Bulk density for typical soils usually varies between
1.5 and 1.6.
• Inches of water per foot of soil is obtained by multiplying the water content by volume by 12 inches per foot. It also can be expressed as inches of water per inch of soil which is equivalent to the water content by volume. By determining this value for each layer of soil, the total water in the soil profile can be estimated.
• Soil water potential describes how tightly the water is held in the soil. Soil tension is another term used to describe soil water potential.
It is an indicator of how hard a plant must work to get water from the soil The drier the soil, the greater the soil water potential and the harder it is to extract water from the soil. To convert from soil water content to soil water potential requires information on soil water versus soil tension that is available for many soils.
• Water in the soil is classed as available or unavailable water.
• Available water is defined as the water held in the soil between field capacity and wilting point (Figure 1).
• Field capacity is the point at which the gravitational or easily drained water has drained from the soil. Traditionally, it has been considered as 1/3 bar tension. However, field capacity for many irrigated soils is approximately 1/10 bar tension.
• Wilting point is the soil moisture content where most plants would experience permanent wilting and is considered to occur at 15 bars tension. Table 1 gives common ranges of available water for soil types.

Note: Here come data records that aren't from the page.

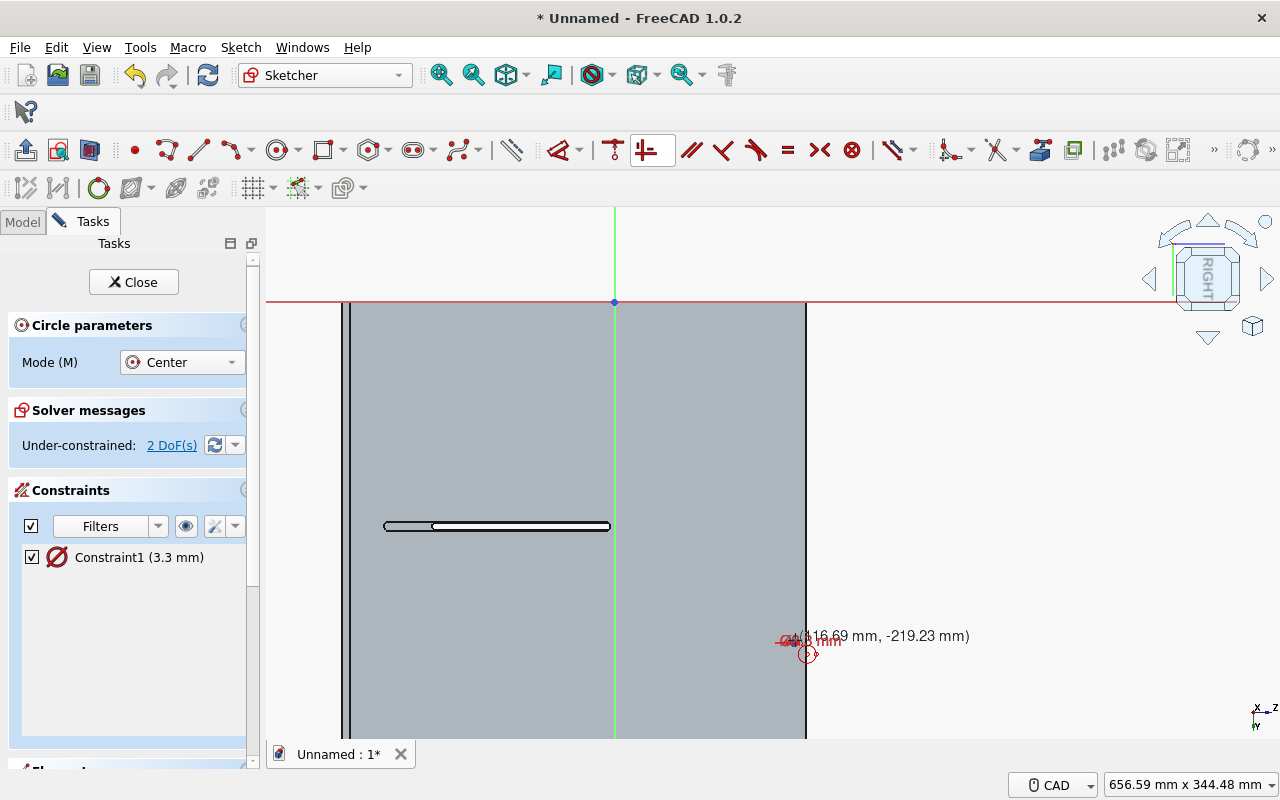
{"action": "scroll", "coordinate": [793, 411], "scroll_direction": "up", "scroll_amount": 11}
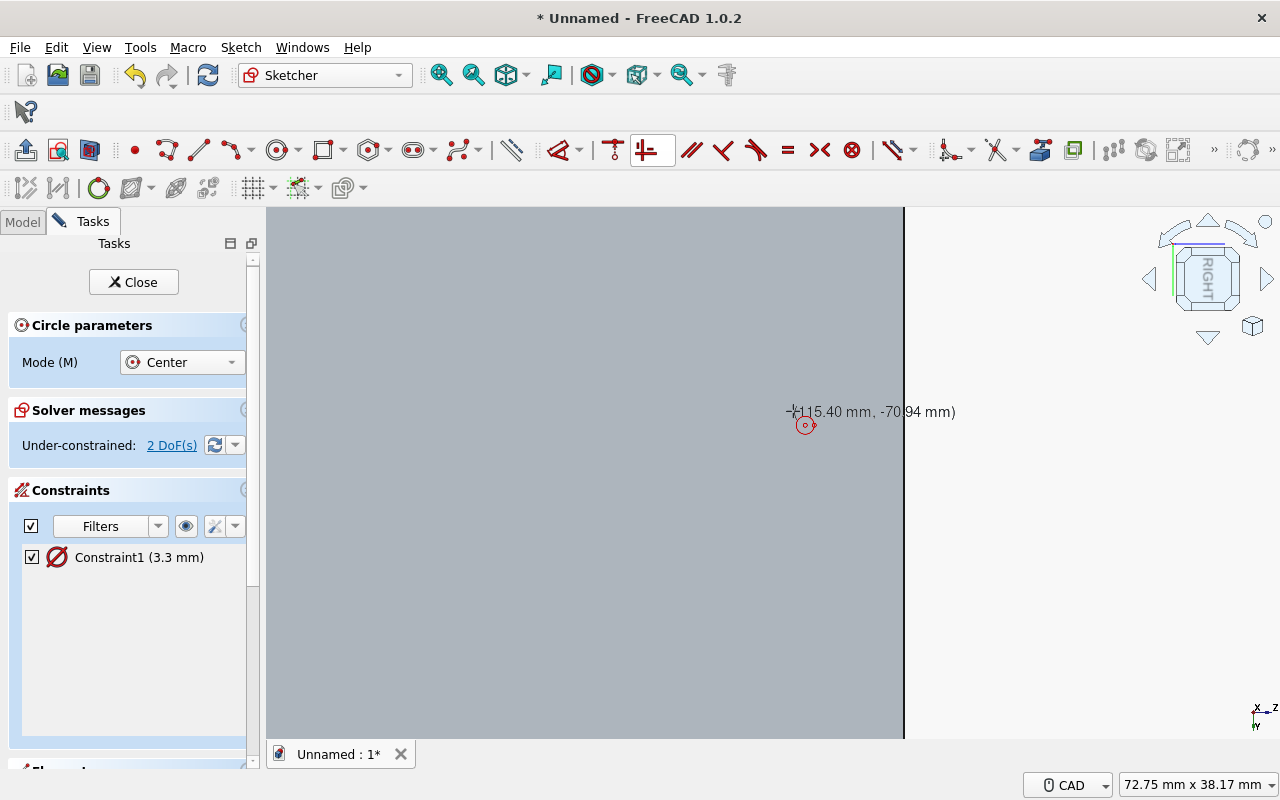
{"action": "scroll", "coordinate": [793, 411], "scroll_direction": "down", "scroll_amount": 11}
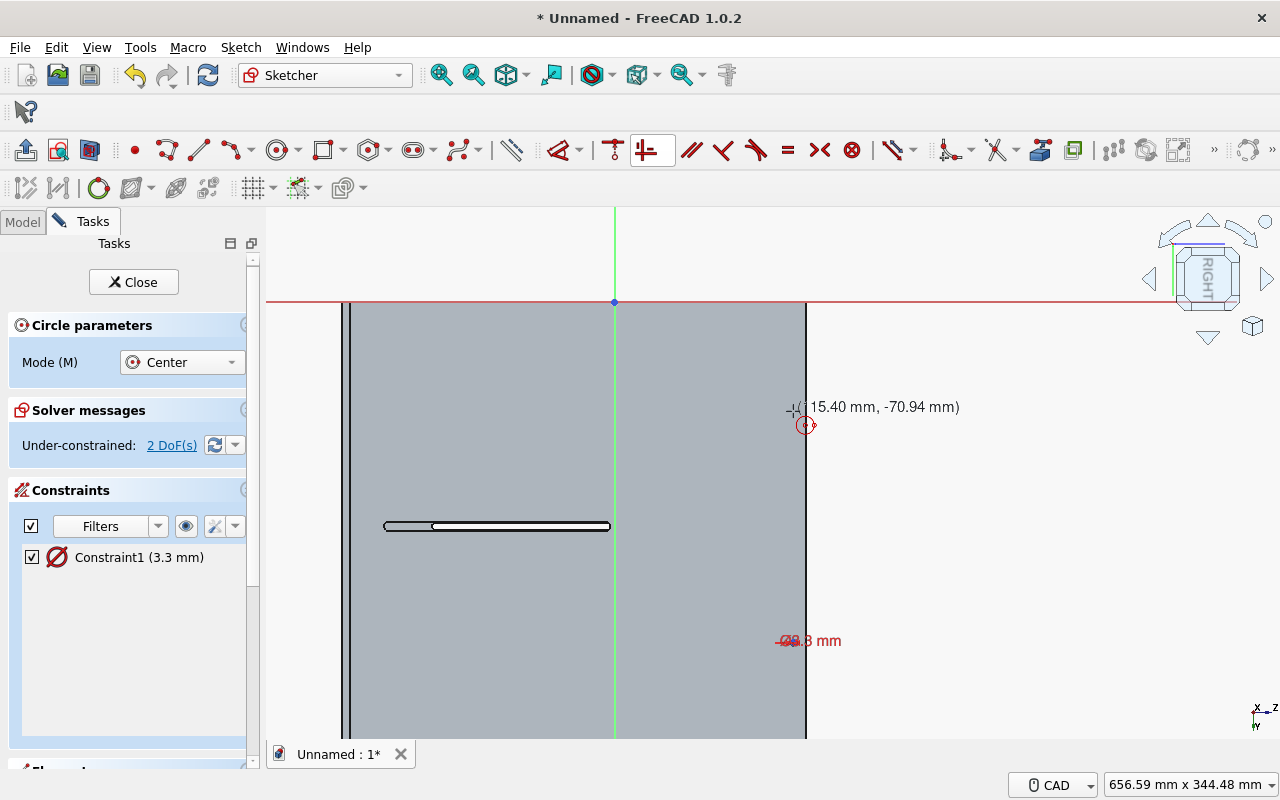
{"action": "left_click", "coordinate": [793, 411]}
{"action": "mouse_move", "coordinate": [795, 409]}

• Readily available water is that portion of the available water that is relatively easy for a plant to use. It is common to consider about
50% of the available water as readily available water.
• Even though all of the available water can be used by the plant, the closer the soil is to the wilting point, the harder it is for the plant to use the water. Plant stress and yield loss are possible after the readily available water has been depleted.
• Soil Water : Water in the soil resides within soil pores in close association with soil particles. The largest pores transport water to fill smaller pores. After irrigation, the larges pores drain due to gravity and water is held by the attraction of small pores and soil particles. Soil with small pores (clayey soil) will hold more water per unit volume than soil with large pores (sandy soil). After complete wetting and time is allowed for the soil to dewater, the larger pores, a typical soil will hold about 50% of the pore space as water and 50% as air. This is a condition generally called field capacity or the full point.